Adverse consequences of a ULS jet fuel would be higher fuel prices (by about $0.05 per gallon), a slight increase (about 1 percent) in the fuel volume purchased and consumed, a slight reduction (about 1 percent) in the aircraft range with full fuel tanks, a small increase (by about 2 percent) in life-cycle (i.e., WTW) GHG emissions, and the near elimination of the climate- cooling effect of aviation-based sulfate aerosols. The benefits of ULS jet-fuel use in reducing air-quality impact need to be balanced against these potential positive and negative impacts on global climate change and economics. PARTNER, as part of Project 27, is currently examining the environmental costs and benefits of significantly reducing the current jet-fuel sulfur standard.

Utilize Emission Measurements from Alternative Jet Fuels to Understand the Influence of Fuel Composition on Emissions

As part of the SPK certification process, FAA, U.S. Air Force, National Aeronautics and Space Administration (NASA), and some international organizations are currently funding research to measure the emissions from alternative jet fuels. Continuing emission measurements are essential to assess accurately the impact of alternative-fuel combustion on both air quality and climate change. These ground-based tests are often being augmented with emission measurements. Additional testing of alternative jet fuels is anticipated due to the continued strong interest within the aviation community.

Considering that SPK fuels are compositionally similar to jet fuel, with the important exceptions that they are free of sulfur and they are comprised solely of paraffinic compounds, opportunities exist to blend SPK fuels with conventional jet fuel to better understand how changes in fuel composition in terms of fuel-sulfur content and fuel–aromatic compound content affect engine PM emissions. These results could then be used to develop improved relationships between fuel properties (e.g., total aromatic content, naphthalene content, hydrogen-carbon ratio) and PM emissions as well as directing aviation toward changes in the fuel specification that could result in reduced PM emissions.

Support Long-Term Fundamental Research on the Creation of Middle-Distillate Fuels for Use in Ground Transportation and Aviation

Middle distillates represent about 30 percent of the petroleum products used in the United States. They are essential not only to commercial aviation but also to the movement of freight by land, river, or sea. Moreover, middle distillates power the aircraft, ships, and fighting vehicles of the armed forces. At present, the technical options to provide these applications with low–GHG emission fuels are severely limited. Certain FT and hydroprocessed fuels offer lower GHG emissions and reduced engine emissions that degrade surface-air quality. Sustainable production of either of these fuel types requires sustainable sources of renewable feedstocks. this is especially the case for fuels produced from vegetable oils. The extensive use of first- generation feedstocks, such as soy, jatropha, and palm, will incur large land-use changes that will cause a large increase in GHG emissions. Next-generation feedstocks are needed that do not compete with food production and that consume less water.

Conclusions

Alternative sources of fuel for aviation could be used to expand and diversify supplies of jet fuels. To the extent that such alternative fuel supplies reduce world demand for crude oil, world oil prices would be reduced, to the benefit of commercial aviation as well as all other users of petroleum. The same economic benefits to aviation occur through energy conservation (a barrel saved has the same effect as a barrel displaced by alternative fuels) and by expanding use of alternative fuels in ground transportation (a barrel displaced in ground transportation has the same effect as a barrel displaced in aviation). Even though some alternative fuels can be produced at costs that are well below current world oil prices, the prevailing prices will be those associated with petroleum-derived fuels.

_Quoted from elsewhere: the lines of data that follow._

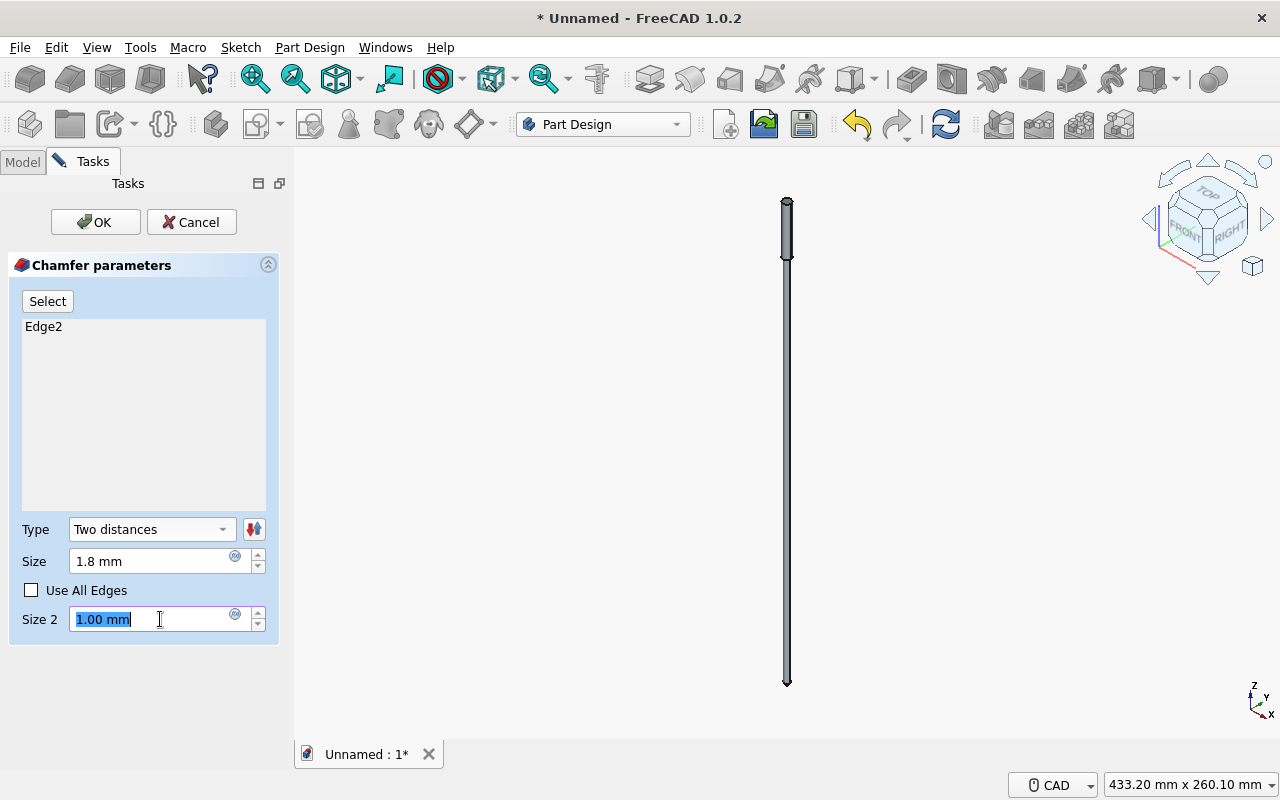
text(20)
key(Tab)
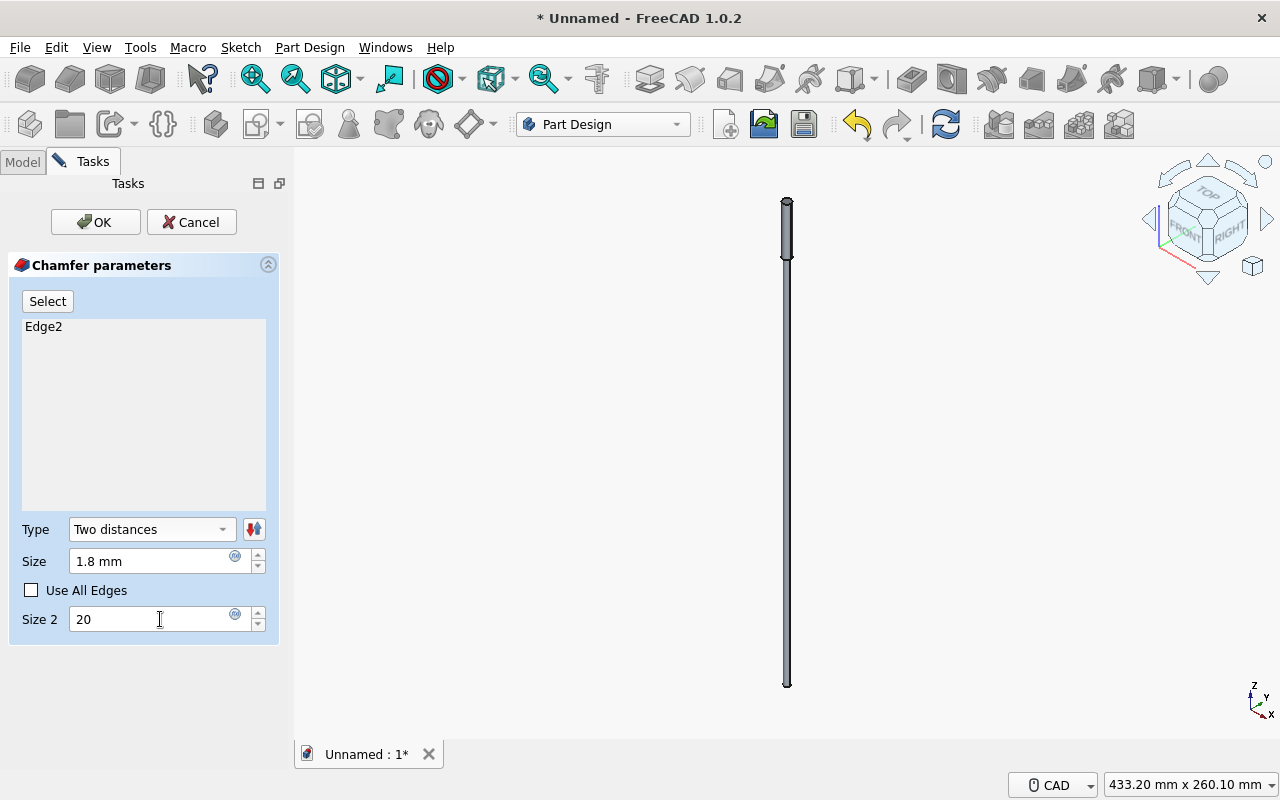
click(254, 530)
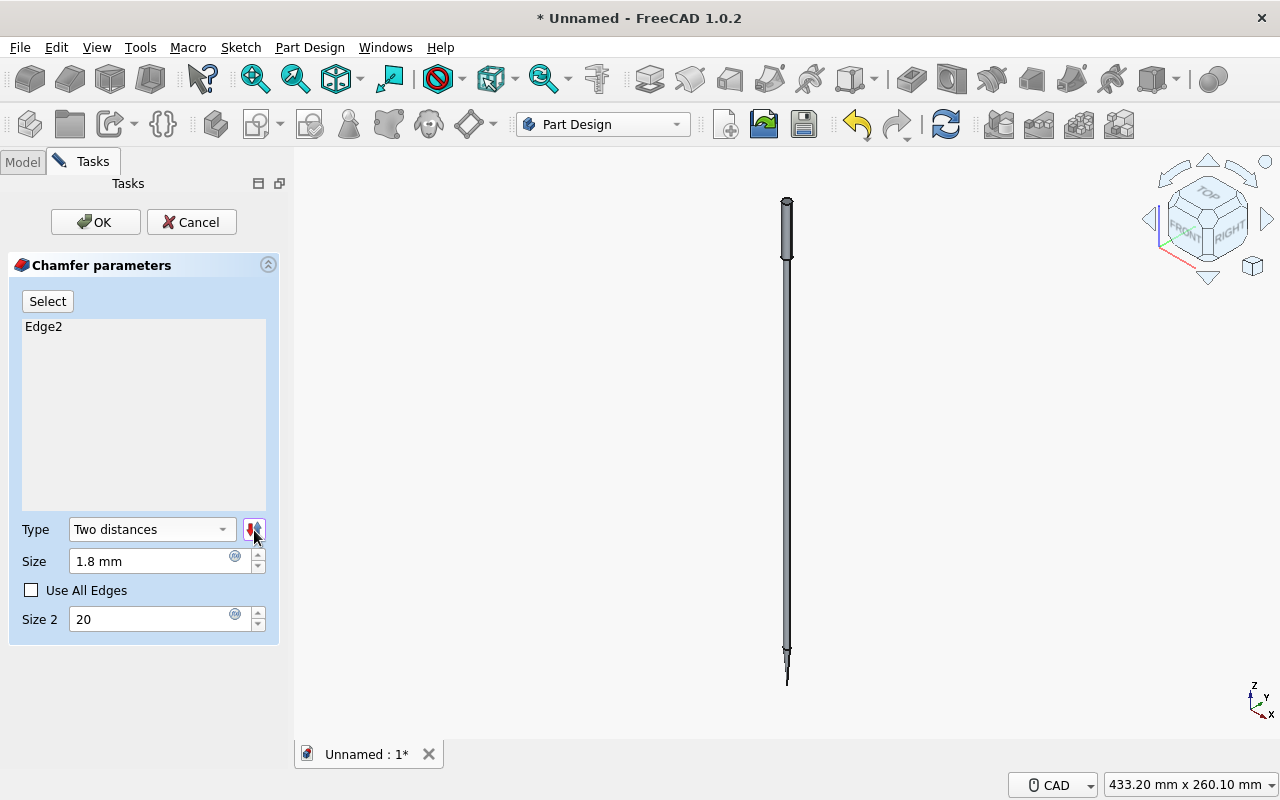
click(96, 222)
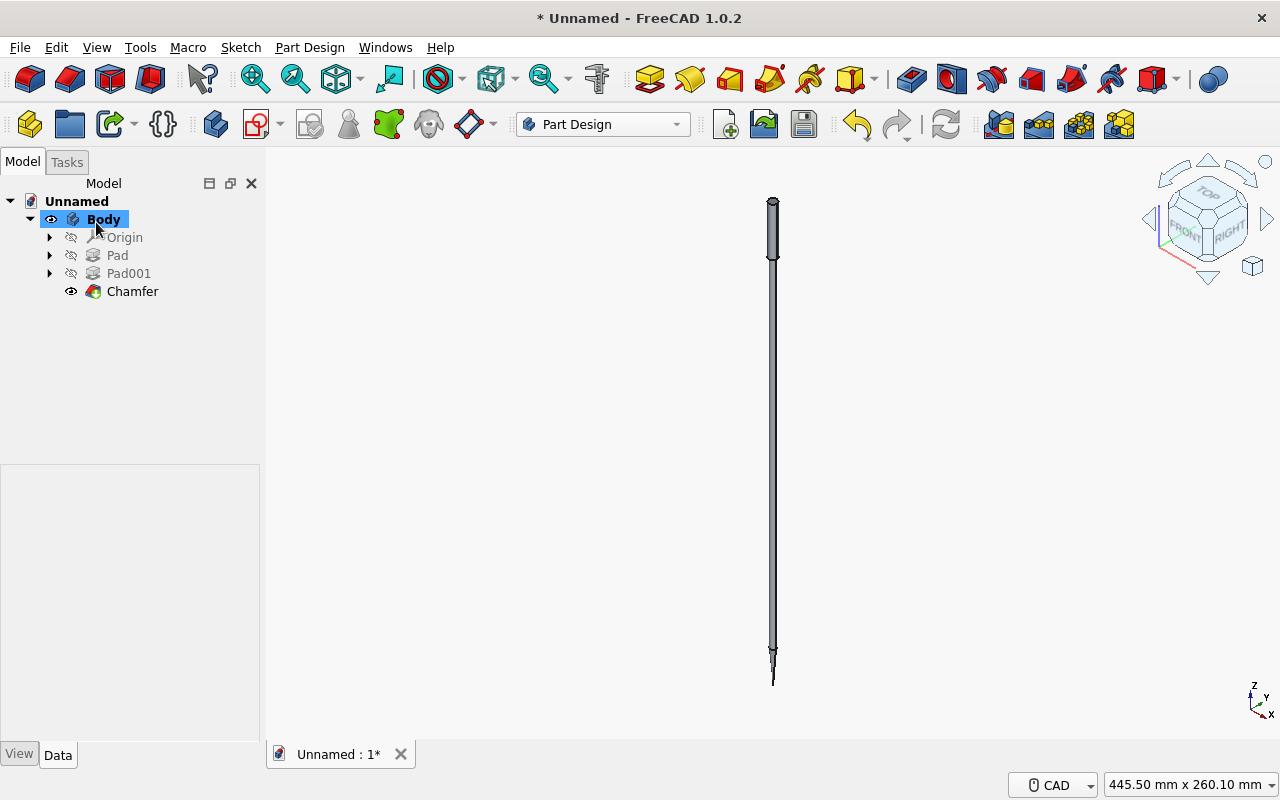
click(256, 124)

If the goal of the commercial aviation community is to moderate the long-term trend of increasing petroleum prices, the preferred strategy consists of promoting efficiency in the use of petroleum in all end-use sectors (including aviation, of course) and promoting alternative-fuel production and use in all end-use sectors that are dependent on petroleum.

Alternative jet fuels that can meet this goal in the short term include the oil sands, VHOs, the FT jet fuels, and HRJ. In the slightly longer term, oil shale might yield commercial quantities of jet fuel at reasonable costs.

If the goal is to moderate cost increases and keep GHG-emission levels on a par with conventional petroleum–derived jet fuel, CCS must be employed with all of the fossil energy– based alternative jet fuels—namely, oil sands, VHOs, FT jet fuels from coal or NG, and oil shale. These jet fuels can be produced at GHG-emission levels that are comparable to or below those of conventional petroleum. In the absence of measures to capture and sequester CO2, HRJ from certain feedstocks is the only alternative-fuel option available to aviation at reasonable costs.

In the absence of CCS, our research shows that, for oil sands, VHOs, and GTL, life-cycle GHG emissions would increase by 10 to 25 percent, relative to conventional Jet A. For CTL, life-cycle GHG emissions would roughly double.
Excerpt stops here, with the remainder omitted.